Hello,
I am upgrading my home network setup which is driven currently by Hex S to “above 1Gig” WAN connection. My ISP supports RB5009UG and provides appropiate SFP module which leaves me with one 2,5Gbit port on my router.
I have two devices on which I would like to have 2,5Gbit connectivity (PC+NAS) and I wonder if it would be possible to use 2,5Gbit USB LAN adapter? USB3.0 port should provide suffice bandwith, but the question remains about particular card support. Did someone tested such setup? Are there some cards that are known to be working?
Already existing materials are rather outdated, going as far as ROS6 and mentioning only 100/1G adapters. I would rather want to avoid bonding two or more 1G LAN connections.
I bought Chateau Pro AX not realizing it has no 2.5Gb port (what a mistake, I didn’t even think that it is possible for wifi6 router). So I have the same question.
How does it help? There will be still only 1Gb ports on Chateau.
Currently I’m bonding (wasting) 3x 2.5Gb ports on CRS310-8G+2S+IN to 3x 1Gb on Chateau just to get 2.4Gbps by iperf
USB 2.5Gb eth is the only option to use Chateau’s wifi6 potential.

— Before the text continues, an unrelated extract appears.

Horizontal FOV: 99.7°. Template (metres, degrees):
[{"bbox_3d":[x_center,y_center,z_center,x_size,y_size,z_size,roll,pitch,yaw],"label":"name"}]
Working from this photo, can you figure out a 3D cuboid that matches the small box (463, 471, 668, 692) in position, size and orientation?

I have few 1Gbps Realteks which are simply working and new ethernet interface is added. All what should be needed is to add 2.5Gbps Realtek FW to .npk. If there is recent enough kernel used by mikrotik indeed.
maybe for driver reason and because, it’s an appliance, a commercial product with it’s specs and a limited usb port usage ; this allow mkt hardware/software to be stable and controller
x86 is more open but maybe more unstable due to lot of external factor independant of mkt team.

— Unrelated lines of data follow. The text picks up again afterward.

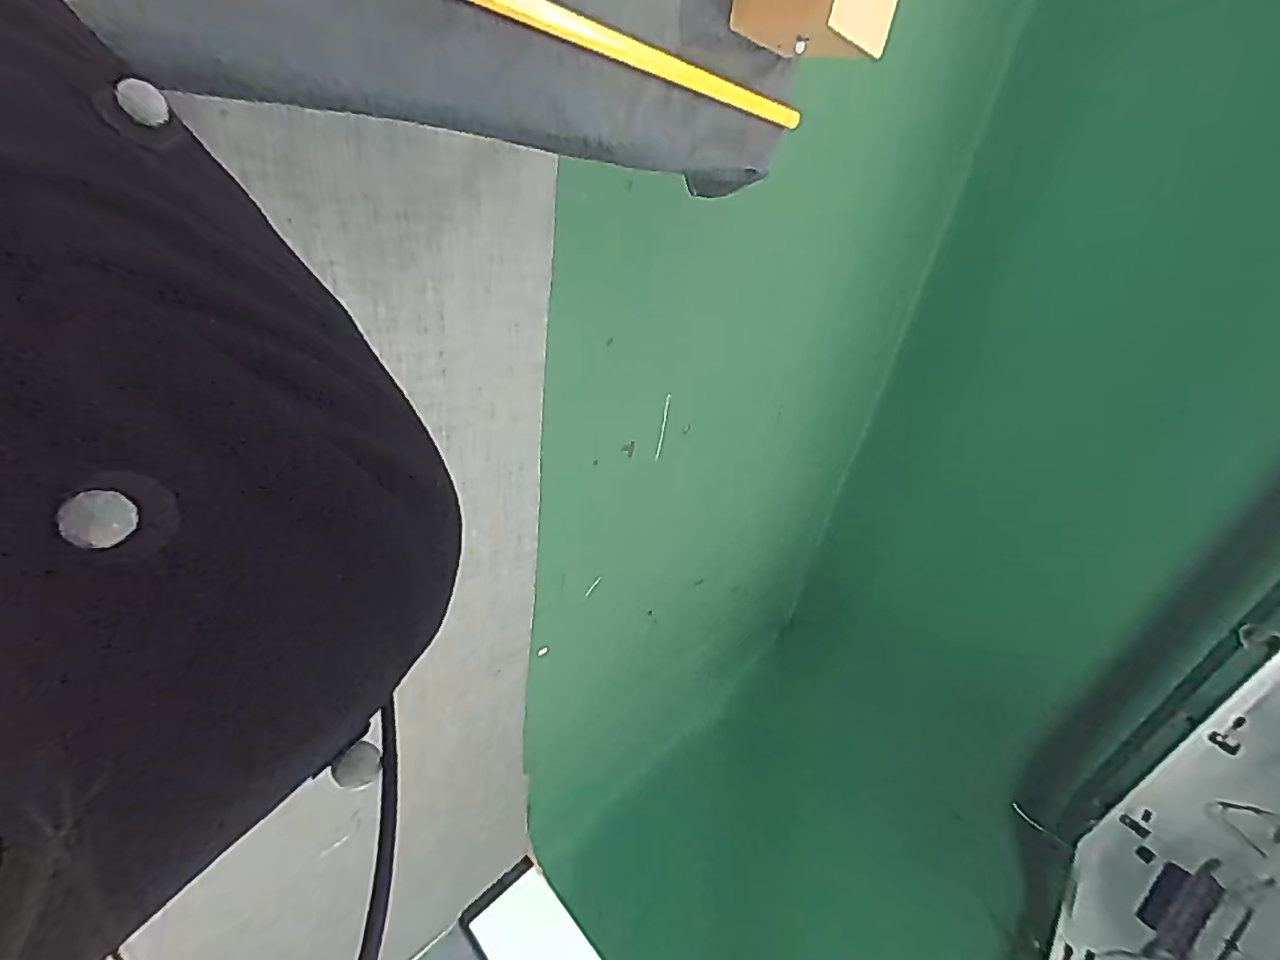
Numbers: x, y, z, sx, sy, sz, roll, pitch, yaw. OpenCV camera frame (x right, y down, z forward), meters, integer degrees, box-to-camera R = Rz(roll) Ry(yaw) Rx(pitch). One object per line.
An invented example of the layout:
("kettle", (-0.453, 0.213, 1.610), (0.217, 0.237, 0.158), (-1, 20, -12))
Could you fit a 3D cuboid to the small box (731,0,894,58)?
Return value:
("small box", (0.249, -0.717, 0.753), (0.168, 0.176, 0.179), (-19, 130, -42))

If anyone was still wanting an answer to this.
I have an RB5009. I had the same issue where I could not find a supported USB Ethernet adapter, usually either not turning up in the interface list, or not able to negotiate a link. It was solved easily, as I found “extra-nic-7.19.1-arm64.npk” extra drivers in the all packages directory of latest RouterOS. All ok and tested well. Usually this is for x86 hardware needing additional NIC support. However, it also worked on RB5001 (arm64). In this case a AX88179 USB Ethernet chip. Likely work for many more.
I think it’s not the RB5009 who doesn’t support USB network devices, but the OS. Instead of x86 where compilated drivers are provided by kernel/manufacturer, here, we’re not on a standard platform (ok its arm64) maybe the driver don’t exist.

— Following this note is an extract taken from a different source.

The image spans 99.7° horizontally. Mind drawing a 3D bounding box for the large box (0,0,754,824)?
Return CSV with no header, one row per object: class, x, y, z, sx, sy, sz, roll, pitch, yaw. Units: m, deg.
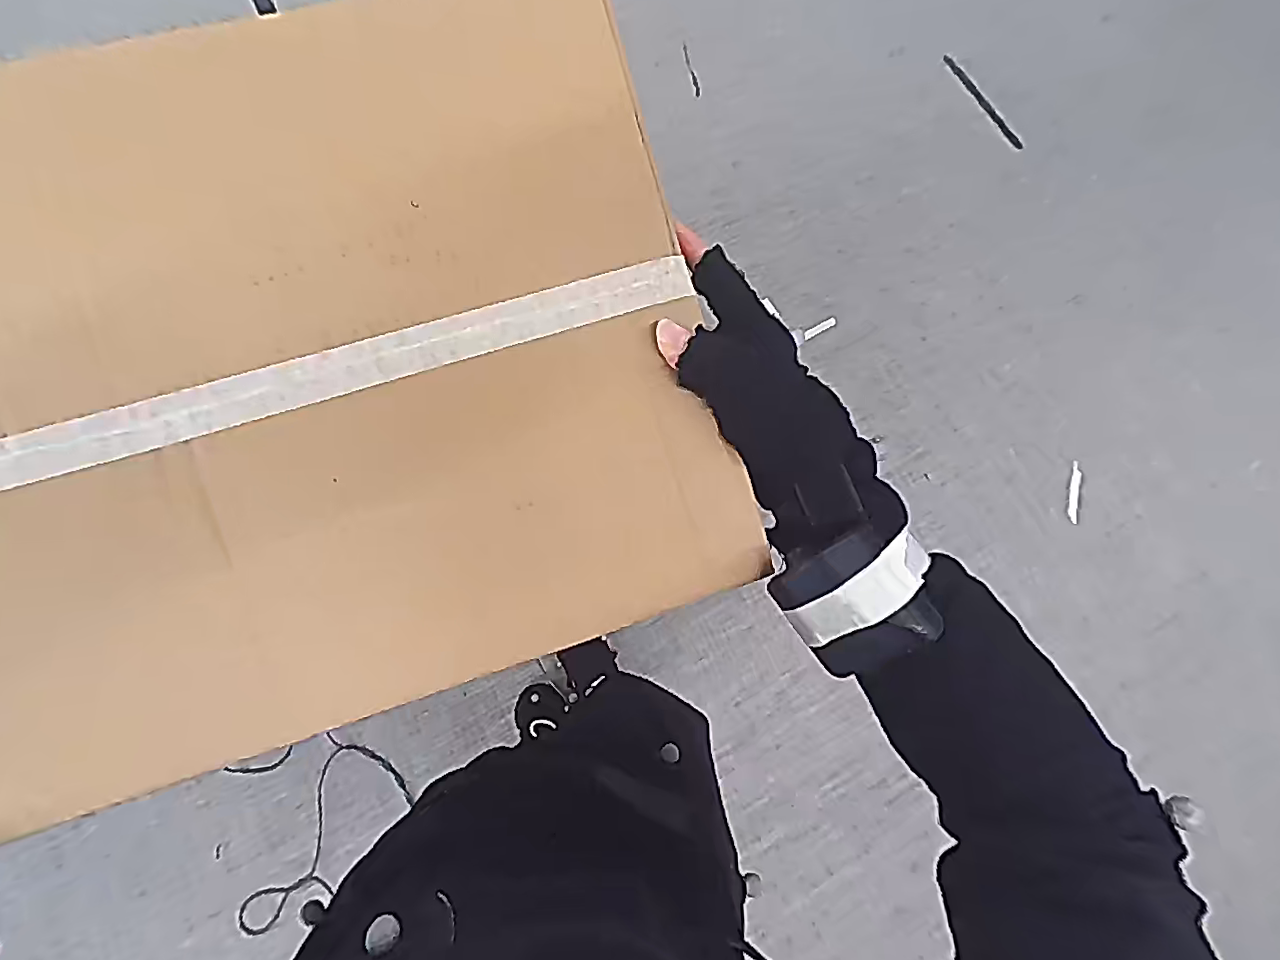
large box,-0.186,-0.049,0.404,0.408,0.320,0.320,-17,93,-7

And on x86, mikrotik don’t provide the hardware, so they can accept multiples hardwares/devs… in case of appliance, it’s different and normal than mikrotik to not permit anything.
It’s just a a different CPU architecture. In Linux, drivers are (mostly) the same across architectures. RouterOS x86 and ARM64 CHR are both available to be installed on generic hardware (you can buy ARM64 PC’s or make your own if you want).